Types of ML
As we know Machine Learning is the application of Artificial Intelligence which provides the ability to computers to learn like human and progress from experience by feeding data and information into them without the human aid of getting programmed unequivocally. In machine learning, the machine don’t rely on human programmers for providing explicit instruction, in fact they use machine learning algorithms for training data sets of real-world to deduce models that are additionally accurate and refined. There are three different classes of ML and each of them has a main objective and that is to solve a particular problem. Let us see them:
In Supervised learning, machine learns from the training data that is labeled (now a labeled data is the data having a label feature to be predicted). It is a machine learning model that is able to predict future outcomes by the help of training data from past. In simpler words, we need to supervise the machine while training it to work on its own. Suppose how tough it could be to handle e-mails if Gmail didn’t know what is spam and what isn’t. The supervised learning follows the question and answer pattern. The question and answer are given as input so that machine learns from it and when any new data comes across then the machine is able to make predictions.
For example, if we want to teach the computer to distinguish between different shapes. For this we will run the algorithm on a variety of images of shapes. In order to train the algorithm to learn the procedure of sorting images, we label the pictures as triangles, circles and squares. Once our algorithm learns how to classify images we
now use it on new data and predict labels on new and unseen images. Let us consider the image below for understanding this example.
We can clearly see we train the algorithm on the basis of past data. We feed various shapes along with their respective names. When the algorithm is trained then we pass new data. Now, we can see the machine is capable of determining that a triangle goes into the box of triangle and similarly, the circle and square goes into their respective boxes.
Supervised Learning is further classified into two types. They are:
Classification: In this, we deal with yes or no prediction. It enables the machine to be trained to classify observation into some class. Let us talk about the very significant use case of classification i.e, spam filtering. To a given system we provide spam and not spam mails. Now how is it determined whether a particular e-mail is spam or not. So, it is on the basis of how often
these mails are being received, how many of them have words such as lottery (usually associated with spam) are there and how many of them have been flagged by the users? These all information is given to the computer and it learns from it. Now when it has learned, whenever a new mail comes it is classified as spam or not spam. This sort of classification is done on the basis of Naïve Bayes algorithm.
Regression: In this, we try to predict value for an input on the basis of past data. Now there might be a question that classification and regression sound quite similar. Yes they are similar in terms of usage of past data but the difference between them is- in classification, we classify observations into cupid categories whereas in regression we predict the value of observations on the basis of past data. Now, let us take an example of weather reporting for understanding Regression. We have past data like temperature, speed of wind, humidity. Using these information, we can find out how much rain will be obtained. The system learns from it and when new data comes such as temperature, speed of wind and humidity, the system can tell how much rain we will get. But we need to remember one thing whatever output we get at the end of the regression problem is always quantitative in nature.
Unsupervised learning builds model from data without predefined classes and finds hidden pattern in the data. In unsupervised learning we have no correct answers, we only have input data. Let us consider an example of Facebook. Suppose we uploaded a picture on Facebook. When the picture is uploaded then the Facebook is able to recognize who else are in the picture and recommends the person to be tagged in the picture. But how does it happen? It happens by taking our friend’s picture as datasets and encompassing it (picture) as the faces and attributes of the person present in our picture. And hence Facebook identifies who else is in our picture. The unsupervised learning deals with the data. It organizes the data and makes them more readable. It analyzes the data in order to find patterns. Hence, it finds structure and relationships among the input data.

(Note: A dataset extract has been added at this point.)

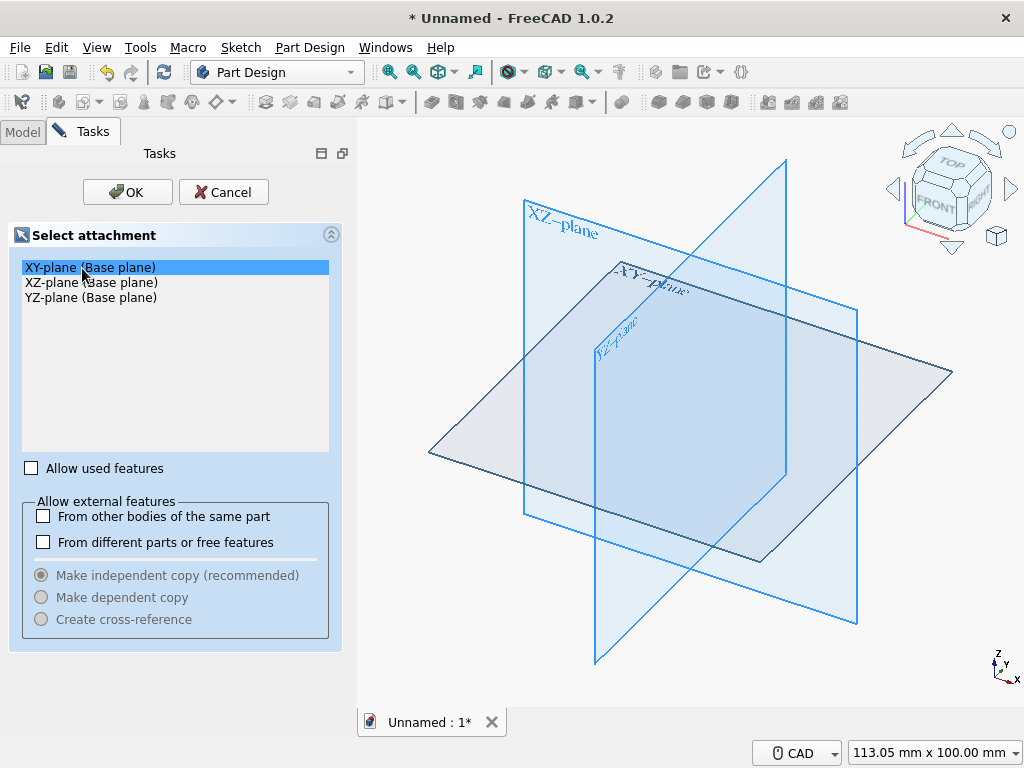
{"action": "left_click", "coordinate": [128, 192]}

In the above figure, we have provided some data as input. In this learning the system is able to identify, segregate and organize the data by discovering pattern in it. The similar thing occurs on Facebook and on e-commerce sites. It has clustering algorithm.

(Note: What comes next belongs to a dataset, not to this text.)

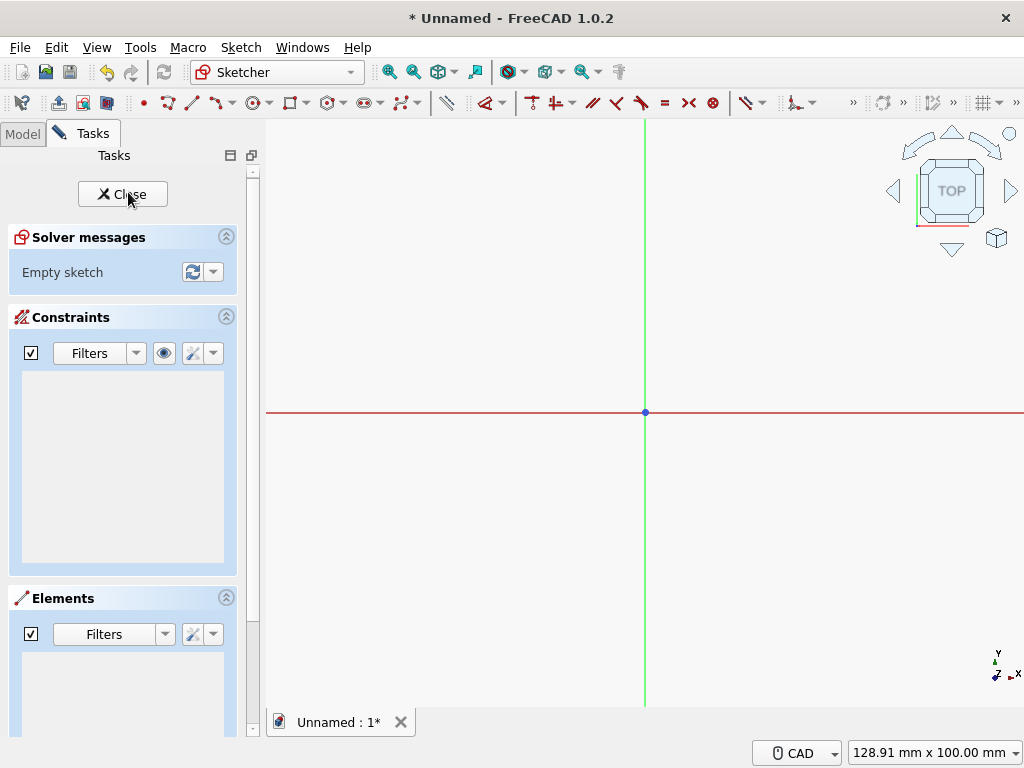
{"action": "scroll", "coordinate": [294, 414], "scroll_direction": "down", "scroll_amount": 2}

Clustering: It is a method of dividing sets into subsets known as clusters. The observations inside clusters are similar to each other and are based on some parameter or other. As a result, whole data is partitioned into clusters. Suppose we went to a party and we met new people. Now we cluster them on the basis of age, gender etc. Most of the e-commerce sites use clustering for recommending products to different group of buyers by identifying the hidden pattern in their preferences. It is also used in search engines.
This is the type of learning in which the machine learns by seeing the results of the actions performed by it within a specific context to maximize its performance. The results are basically in the form of negative or positive reaction. Let us take an example: Suppose you place a bowl of hot milk. The cat will try to drink the milk without thinking whether it’s hot or not. This time the cat has learned that the milk is hot. Now when next time you place the same bowl in front of your cat, the cat will then drink the milk carefully. Because, cat has learned from its previous action. The same happens in reinforcement learning. In reinforcement the machine will perform some action and on the basis of its result it will determine whether the action was of worth or not. The next time the machine will choose the best potential action. This type of learning is basically iterative learning on the basis of past results.
So, these were the types of machine learning.